Все вокруг костра замерли, я видел бледные лица, обращенные к небу, в глазах страх и та неизбежность, как при виде настигающей грозы или урагана. Крик упал на землю, как будто обрушилось небо, настолько объемный и звучный, словно зев этого существа размахом с ущелье у моего замка Амальфи.
– Кто это? – спросил я. Поправился: – Что это… кричит?

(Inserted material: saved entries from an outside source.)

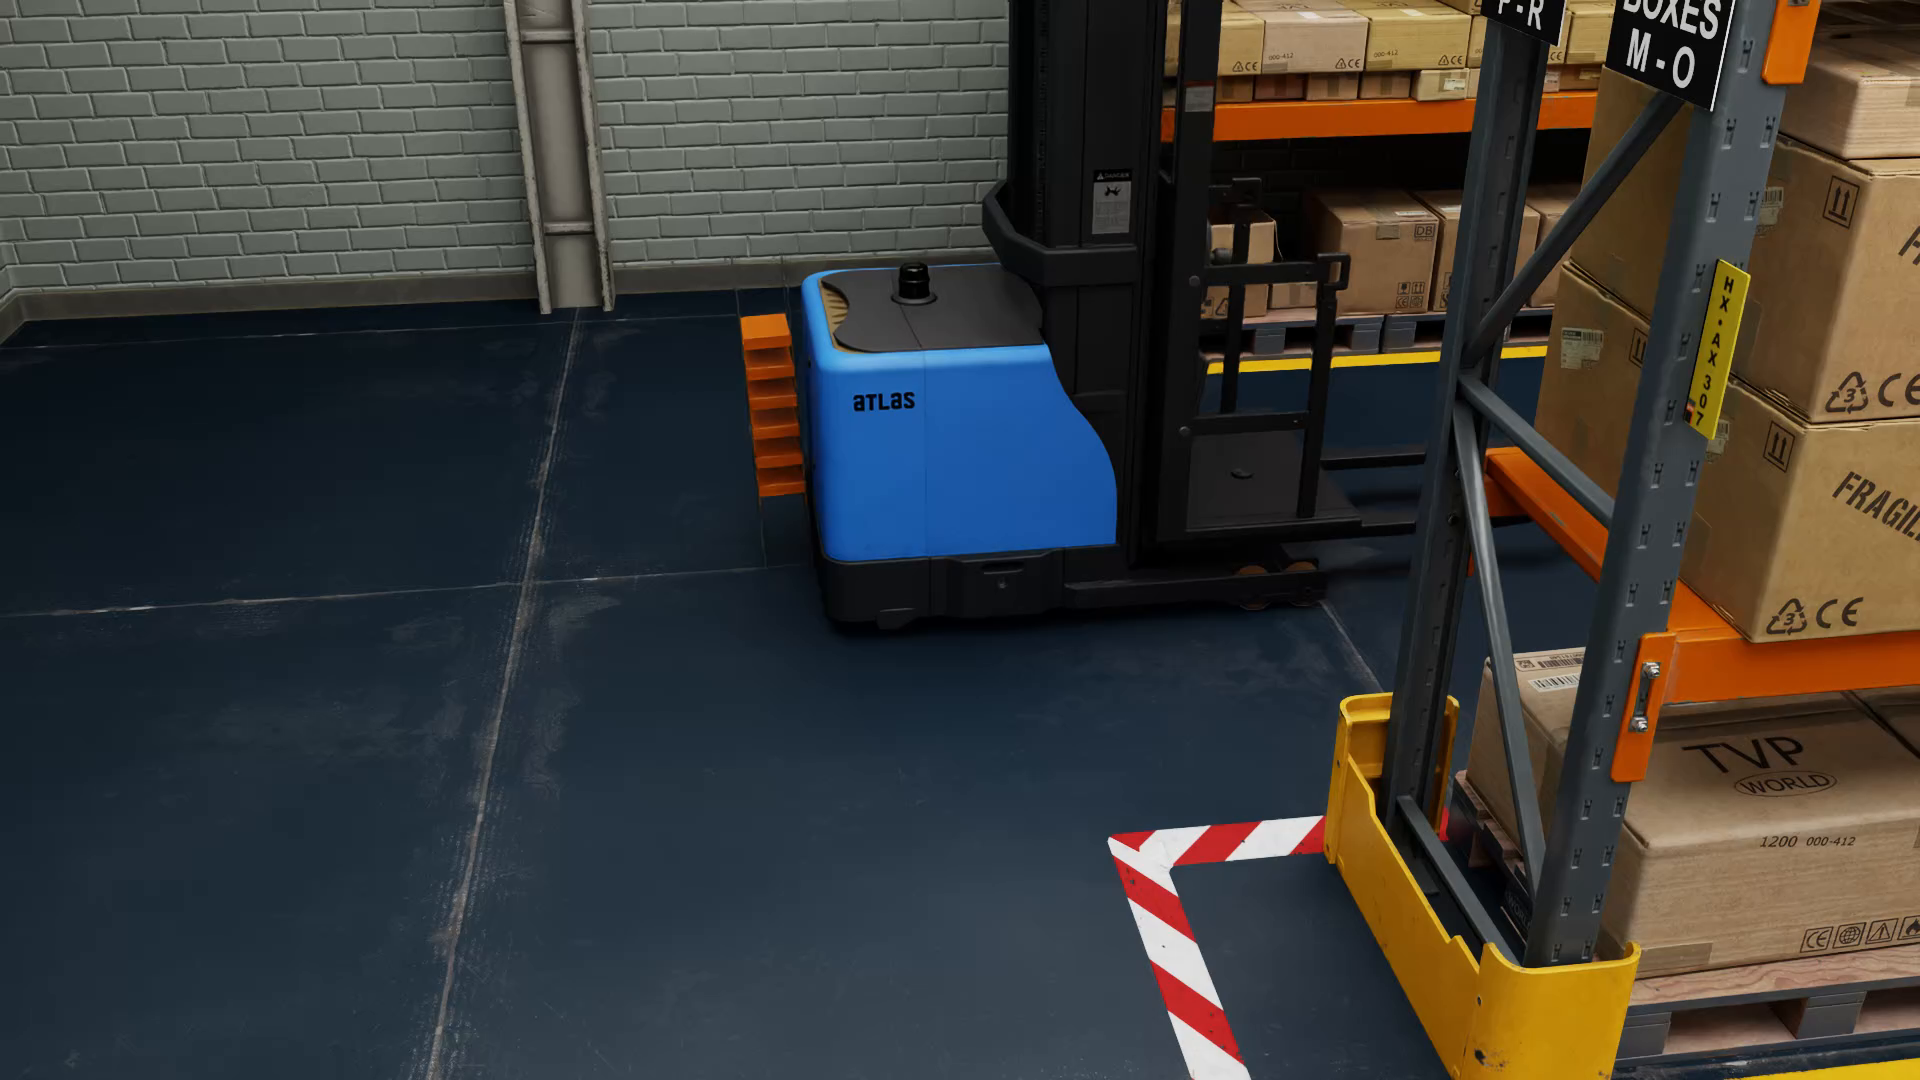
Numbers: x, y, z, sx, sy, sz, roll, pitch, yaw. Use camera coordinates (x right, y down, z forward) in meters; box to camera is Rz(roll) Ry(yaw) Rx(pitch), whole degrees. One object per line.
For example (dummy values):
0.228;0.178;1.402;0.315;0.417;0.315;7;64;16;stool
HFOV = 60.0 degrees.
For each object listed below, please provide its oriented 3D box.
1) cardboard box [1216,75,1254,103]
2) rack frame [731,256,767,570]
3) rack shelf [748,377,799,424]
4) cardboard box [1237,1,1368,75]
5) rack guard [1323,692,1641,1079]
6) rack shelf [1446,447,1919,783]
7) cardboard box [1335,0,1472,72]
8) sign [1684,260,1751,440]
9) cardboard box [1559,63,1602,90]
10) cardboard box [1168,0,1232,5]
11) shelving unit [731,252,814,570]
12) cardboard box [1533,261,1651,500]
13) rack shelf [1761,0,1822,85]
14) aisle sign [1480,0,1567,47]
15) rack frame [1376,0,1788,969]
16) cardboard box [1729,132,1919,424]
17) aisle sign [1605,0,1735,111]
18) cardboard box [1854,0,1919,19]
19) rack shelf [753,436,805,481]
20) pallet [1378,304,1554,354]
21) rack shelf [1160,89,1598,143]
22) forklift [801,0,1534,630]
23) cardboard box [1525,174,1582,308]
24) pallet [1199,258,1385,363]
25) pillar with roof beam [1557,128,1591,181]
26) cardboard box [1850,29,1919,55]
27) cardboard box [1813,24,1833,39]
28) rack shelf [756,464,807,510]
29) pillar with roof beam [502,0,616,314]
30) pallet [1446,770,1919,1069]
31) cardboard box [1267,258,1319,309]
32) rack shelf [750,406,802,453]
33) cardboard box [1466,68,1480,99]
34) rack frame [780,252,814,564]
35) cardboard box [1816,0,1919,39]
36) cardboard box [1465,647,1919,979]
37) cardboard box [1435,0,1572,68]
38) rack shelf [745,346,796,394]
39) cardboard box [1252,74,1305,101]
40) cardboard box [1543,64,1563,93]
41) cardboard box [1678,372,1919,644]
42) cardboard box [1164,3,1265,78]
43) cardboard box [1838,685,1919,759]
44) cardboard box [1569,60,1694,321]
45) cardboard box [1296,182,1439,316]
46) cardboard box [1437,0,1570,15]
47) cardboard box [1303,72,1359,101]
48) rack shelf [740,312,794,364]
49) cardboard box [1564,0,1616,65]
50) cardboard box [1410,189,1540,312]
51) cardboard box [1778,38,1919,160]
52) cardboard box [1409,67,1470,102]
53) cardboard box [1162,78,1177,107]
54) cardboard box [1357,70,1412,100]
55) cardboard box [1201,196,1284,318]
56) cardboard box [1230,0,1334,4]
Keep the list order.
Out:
1.262;-2.252;8.128;0.250;0.149;0.380;-3;27;-6;cardboard box
-0.804;-0.468;6.349;0.006;1.200;0.240;-7;28;-8;rack frame
-0.717;-0.546;6.327;0.180;0.103;0.258;-7;28;-8;rack shelf
1.639;-2.434;8.047;0.500;0.250;0.500;-3;27;-7;cardboard box
1.324;0.928;4.394;0.348;0.500;1.175;-4;27;-7;rack guard
3.328;0.007;4.238;4.000;0.370;1.077;-4;27;-7;rack shelf
2.140;-2.468;8.113;0.500;0.250;0.500;-4;27;-8;cardboard box
1.419;-0.355;3.121;0.005;0.325;0.100;-4;27;-7;sign
3.040;-2.384;8.387;0.250;0.149;0.380;-3;27;-6;cardboard box
1.071;-2.644;8.456;0.500;0.250;0.500;-3;27;-6;cardboard box
-0.714;-0.479;6.362;0.189;1.200;0.258;-7;28;-8;shelving unit
1.788;-0.381;4.096;0.500;0.500;0.500;-4;27;-7;cardboard box
3.328;-1.327;3.554;4.000;0.370;1.077;-4;27;-7;rack shelf
1.233;-1.478;3.497;0.004;0.787;0.394;-4;27;-7;aisle sign
1.348;-0.186;3.826;0.127;3.000;1.000;-4;27;-7;rack frame
1.863;-0.577;3.384;0.500;0.500;0.500;-4;27;-8;cardboard box
1.317;-1.207;2.968;0.004;0.787;0.394;-4;27;-7;aisle sign
2.167;-1.158;3.807;0.250;0.149;0.380;-4;27;-8;cardboard box
-0.707;-0.334;6.438;0.180;0.103;0.258;-7;28;-8;rack shelf
2.723;-1.321;9.093;1.213;0.211;1.003;-4;27;-7;pallet
2.633;-2.237;8.611;4.000;0.370;1.077;-4;27;-7;rack shelf
0.937;-1.274;6.023;3.031;2.935;1.130;-4;27;-8;forklift
3.151;-1.603;8.866;0.500;0.500;0.700;-5;28;-9;cardboard box
1.517;-1.245;8.945;1.213;0.211;1.003;-4;27;-7;pallet
4.398;-3.770;4.240;0.400;9.000;9.100;-4;27;-7;pillar with roof beam
1.987;-0.910;3.322;0.250;0.149;0.380;-3;27;-6;cardboard box
1.675;-1.077;3.648;0.250;0.149;0.380;-3;27;-6;cardboard box
-0.702;-0.227;6.493;0.180;0.103;0.258;-7;28;-8;rack shelf
-1.543;-3.388;3.496;0.400;9.000;9.100;-4;27;-7;pillar with roof beam
2.129;0.969;4.631;1.213;0.211;1.003;-4;27;-7;pallet
1.697;-1.353;8.765;0.250;0.149;0.380;-5;28;-9;cardboard box
-0.712;-0.440;6.382;0.180;0.103;0.258;-7;28;-8;rack shelf
2.557;-2.300;8.222;0.250;0.149;0.380;-3;27;-6;cardboard box
-0.624;-0.490;6.374;0.006;1.200;0.240;-7;28;-8;rack frame
1.923;-1.104;3.701;0.250;0.149;0.380;-3;27;-6;cardboard box
1.987;0.680;4.485;0.875;0.438;0.875;-5;28;-9;cardboard box
2.643;-2.510;8.195;0.500;0.250;0.500;-4;27;-8;cardboard box
-0.722;-0.652;6.271;0.180;0.103;0.258;-7;28;-8;rack shelf
1.517;-2.284;8.191;0.250;0.149;0.380;-4;27;-8;cardboard box
2.802;-2.347;8.314;0.250;0.149;0.380;-4;27;-7;cardboard box
1.863;-0.131;3.610;0.500;0.500;0.500;-4;27;-8;cardboard box
1.139;-2.402;7.984;0.500;0.250;0.500;-4;27;-7;cardboard box
2.892;0.618;4.606;0.875;0.438;0.875;-3;27;-6;cardboard box
1.792;-0.813;3.845;0.500;0.500;0.500;-3;27;-5;cardboard box
2.123;-1.537;8.738;0.500;0.500;0.700;-3;27;-5;cardboard box
2.625;-2.831;7.999;0.500;0.500;0.500;-3;27;-6;cardboard box
1.776;-2.272;8.168;0.250;0.149;0.380;-3;27;-5;cardboard box
-0.727;-0.759;6.216;0.180;0.103;0.258;-7;28;-8;rack shelf
3.153;-2.542;8.258;0.500;0.250;0.500;-4;27;-7;cardboard box
2.661;-1.525;8.715;0.500;0.500;0.500;-3;27;-6;cardboard box
1.738;-0.861;3.227;0.250;0.149;0.380;-3;27;-6;cardboard box
2.299;-2.274;8.171;0.250;0.149;0.380;-4;27;-9;cardboard box
1.016;-2.214;8.055;0.250;0.149;0.380;-4;27;-8;cardboard box
2.038;-2.292;8.206;0.250;0.149;0.380;-3;27;-6;cardboard box
1.271;-1.502;8.665;0.637;0.503;0.797;-5;28;-9;cardboard box
1.582;-2.676;8.519;0.500;0.250;0.500;-4;27;-7;cardboard box

Крик раздался снова, уже заметно отдалившийся, и снова мне почудилось, что в том месте от удара звуковой волны должна прогнуться земная кора. Люди начинали шевелиться, задвигались руки, замелькали ножи, срезая мясо. Граф Эбергард, который явно не одобрял моих манер, но отметивший мой подвиг, ответил вежливо:
– Никто не видел это существо. Даже не знают: птица это, дракон или невероятно крупная летучая мышь…
Сэр Смит хмыкнул:
– Летучая мышь? Такая мышечка может унести башню! Если не весь замок.
– Никто не знает, – повторил граф, игнорируя сэра Смита, как лось игнорирует пробежавшую мимо землеройку, – никто не видел… Более того, увидеть вообще невозможно…
– Как так?
– Звезды, – объяснил граф. – Даже когда летучая мышь или сова промелькнет над головой, она заслоняет звезды, а здесь ни одна даже не мигнет. Маги пробовали смотреть по-своему, но и они узрели только звездное небо. Только двое, великий Гвенелен и не менее могучий Илаульф, клялись, что звезды сдвигались и меняли цвет, словно по небу двигалась исполинская прозрачная глыба льда.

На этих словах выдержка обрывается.